A depressão Marta, que vai atingir esta madrugada Portugal Continental, “deverá ser mais severa que a Leonardo”, mas será “mais circunscrita”, afetando sobretudo as regiões de Leiria, Lisboa, Setúbal e Algarve.
Os efeitos desta nova tempestade vão começar a sentir-se a partir das 06:00 deste sábado, hora em que estão previstos períodos de chuva intensa e vento forte em vários pontos do país, sobretudo em Leiria, Lisboa, Santarém, Setúbal e Beja, com rajadas que podem atingir 100 quilómetros por hora e 120 nas zonas mais montanhosas.
Segundo o climatologista Mário Marques, a região do Algarve será sobretudo afetada por ventos fortes, “durante todo o dia, não é só quatro ou cinco horas”, como se espera que aconteça nos distritos de Leiria, Lisboa, Setúbal e Beja, por exemplo.
Apesar de considerar que os valores das rajadas de vento já são “preocupantes”, o climatologista Carlos da Câmara acredita que esta tempestade “não será mais forte do que se supunha”. “O que acontece é que agora, com menos de 24 horas de antecedência, temos uma ideia mais fidedigna do que pode vir aí e das regiões que pode afetar”, sublinha.
A previsão de precipitação intensa preocupa sobretudo pelas zonas que serão afetadas, nomeadamente nas bacias dos rios Tejo, Sado e Mondego, onde os solos já estão muito saturados das chuvas acumuladas dos últimos dias. “As terras estão alagadas, as estruturas estão stressadas.

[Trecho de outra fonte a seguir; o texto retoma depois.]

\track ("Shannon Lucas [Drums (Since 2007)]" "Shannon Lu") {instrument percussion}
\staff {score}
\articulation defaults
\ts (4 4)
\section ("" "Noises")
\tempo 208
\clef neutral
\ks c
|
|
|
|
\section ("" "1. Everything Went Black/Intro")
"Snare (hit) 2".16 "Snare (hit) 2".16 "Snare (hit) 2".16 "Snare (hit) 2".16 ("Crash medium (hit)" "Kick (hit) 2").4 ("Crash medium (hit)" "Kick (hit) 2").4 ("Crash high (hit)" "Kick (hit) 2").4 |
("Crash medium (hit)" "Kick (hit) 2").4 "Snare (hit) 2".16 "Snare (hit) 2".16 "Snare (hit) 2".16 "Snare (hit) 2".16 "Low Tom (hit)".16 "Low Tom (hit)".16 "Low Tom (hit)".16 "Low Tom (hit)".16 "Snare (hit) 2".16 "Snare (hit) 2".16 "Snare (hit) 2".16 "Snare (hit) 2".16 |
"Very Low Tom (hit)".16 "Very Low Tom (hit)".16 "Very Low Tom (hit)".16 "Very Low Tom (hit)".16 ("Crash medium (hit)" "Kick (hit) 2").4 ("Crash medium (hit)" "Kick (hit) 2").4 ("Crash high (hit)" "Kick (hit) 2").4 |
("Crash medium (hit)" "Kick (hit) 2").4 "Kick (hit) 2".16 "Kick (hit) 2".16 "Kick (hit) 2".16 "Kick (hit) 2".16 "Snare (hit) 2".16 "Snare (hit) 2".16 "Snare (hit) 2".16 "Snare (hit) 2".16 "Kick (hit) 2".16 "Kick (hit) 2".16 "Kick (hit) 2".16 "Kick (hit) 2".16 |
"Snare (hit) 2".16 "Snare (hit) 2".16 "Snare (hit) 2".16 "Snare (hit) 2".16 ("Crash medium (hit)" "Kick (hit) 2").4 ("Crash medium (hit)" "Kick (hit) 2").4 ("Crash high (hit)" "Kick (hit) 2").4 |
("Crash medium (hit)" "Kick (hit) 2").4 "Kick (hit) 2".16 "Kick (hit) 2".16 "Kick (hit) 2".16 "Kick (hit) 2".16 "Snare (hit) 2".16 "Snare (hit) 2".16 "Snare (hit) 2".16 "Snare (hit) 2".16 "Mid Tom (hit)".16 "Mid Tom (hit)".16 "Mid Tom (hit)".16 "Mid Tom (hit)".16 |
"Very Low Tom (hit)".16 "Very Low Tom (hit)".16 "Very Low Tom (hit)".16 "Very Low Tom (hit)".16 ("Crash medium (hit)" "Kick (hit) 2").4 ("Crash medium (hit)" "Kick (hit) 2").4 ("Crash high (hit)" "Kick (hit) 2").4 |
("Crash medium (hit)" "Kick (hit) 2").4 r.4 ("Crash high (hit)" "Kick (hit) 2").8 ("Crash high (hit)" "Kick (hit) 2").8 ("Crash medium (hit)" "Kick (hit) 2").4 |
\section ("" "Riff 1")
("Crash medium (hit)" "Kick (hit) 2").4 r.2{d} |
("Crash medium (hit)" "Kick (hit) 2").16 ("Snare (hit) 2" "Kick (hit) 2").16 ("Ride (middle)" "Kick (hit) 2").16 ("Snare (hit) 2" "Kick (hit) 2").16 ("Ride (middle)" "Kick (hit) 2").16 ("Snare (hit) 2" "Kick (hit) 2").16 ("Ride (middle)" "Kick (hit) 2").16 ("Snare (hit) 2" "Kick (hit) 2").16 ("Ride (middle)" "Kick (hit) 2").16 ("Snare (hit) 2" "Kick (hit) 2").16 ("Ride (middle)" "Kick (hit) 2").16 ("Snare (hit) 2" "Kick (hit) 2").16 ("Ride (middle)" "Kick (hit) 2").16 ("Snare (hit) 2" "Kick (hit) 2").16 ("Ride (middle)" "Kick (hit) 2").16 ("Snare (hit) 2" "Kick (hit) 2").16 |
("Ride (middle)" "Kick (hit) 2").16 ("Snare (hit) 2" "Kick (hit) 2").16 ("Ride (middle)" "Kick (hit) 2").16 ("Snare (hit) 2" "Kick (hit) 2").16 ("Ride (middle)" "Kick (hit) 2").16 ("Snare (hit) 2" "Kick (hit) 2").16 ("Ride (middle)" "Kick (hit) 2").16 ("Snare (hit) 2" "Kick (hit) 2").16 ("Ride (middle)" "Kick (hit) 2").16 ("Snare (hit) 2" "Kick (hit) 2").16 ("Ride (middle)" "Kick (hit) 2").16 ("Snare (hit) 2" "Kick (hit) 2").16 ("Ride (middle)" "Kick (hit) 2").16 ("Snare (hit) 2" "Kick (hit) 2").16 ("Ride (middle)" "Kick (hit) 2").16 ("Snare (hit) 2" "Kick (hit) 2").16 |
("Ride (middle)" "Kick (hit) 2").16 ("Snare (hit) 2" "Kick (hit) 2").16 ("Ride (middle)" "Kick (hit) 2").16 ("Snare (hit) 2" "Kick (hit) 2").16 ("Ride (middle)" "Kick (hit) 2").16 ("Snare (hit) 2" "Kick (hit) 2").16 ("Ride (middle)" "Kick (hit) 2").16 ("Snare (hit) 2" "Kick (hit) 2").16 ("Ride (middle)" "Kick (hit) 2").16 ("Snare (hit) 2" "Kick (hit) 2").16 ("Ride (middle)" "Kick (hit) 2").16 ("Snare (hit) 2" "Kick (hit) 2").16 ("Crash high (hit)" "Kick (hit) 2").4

Portanto, a probabilidade de nós termos sarilhos aumenta”, adverte Carlos da Câmara.
A este propósito, a ministra do Ambiente e da Energia, Maria da Graça Carvalho, assegurou que tudo está a ser feito para que o impacto da depressão Marta seja o menor possível, mas admitiu que pode ser necessário evacuar mais locais, além das já efetuadas em Alcácer do Sal, Ourém, Santarém, entre outros.
Para esta sexta-feira e sábado há um elevado risco de inundações nos rios Vouga, Águeda, Mondego, Tejo, Sorraia e Sado.
Com risco de inundações (não elevado) estão também os rios Lima, Cávado, Ave, Douro, Tâmega, Lis e Guadiana.
“Não é caso para pânico, mas é caso para muito cuidado”, sublinha o climatologista Carlos da Câmara, aconselhando a população a evitar deslocações desnecessárias e a ter cuidado com as estradas. “Não sair por razões lúdicas, só por necessidade, ter uma condição defensiva, não estacionar por baixo de árvores, não estacionar ao pé de muros”, recomenda.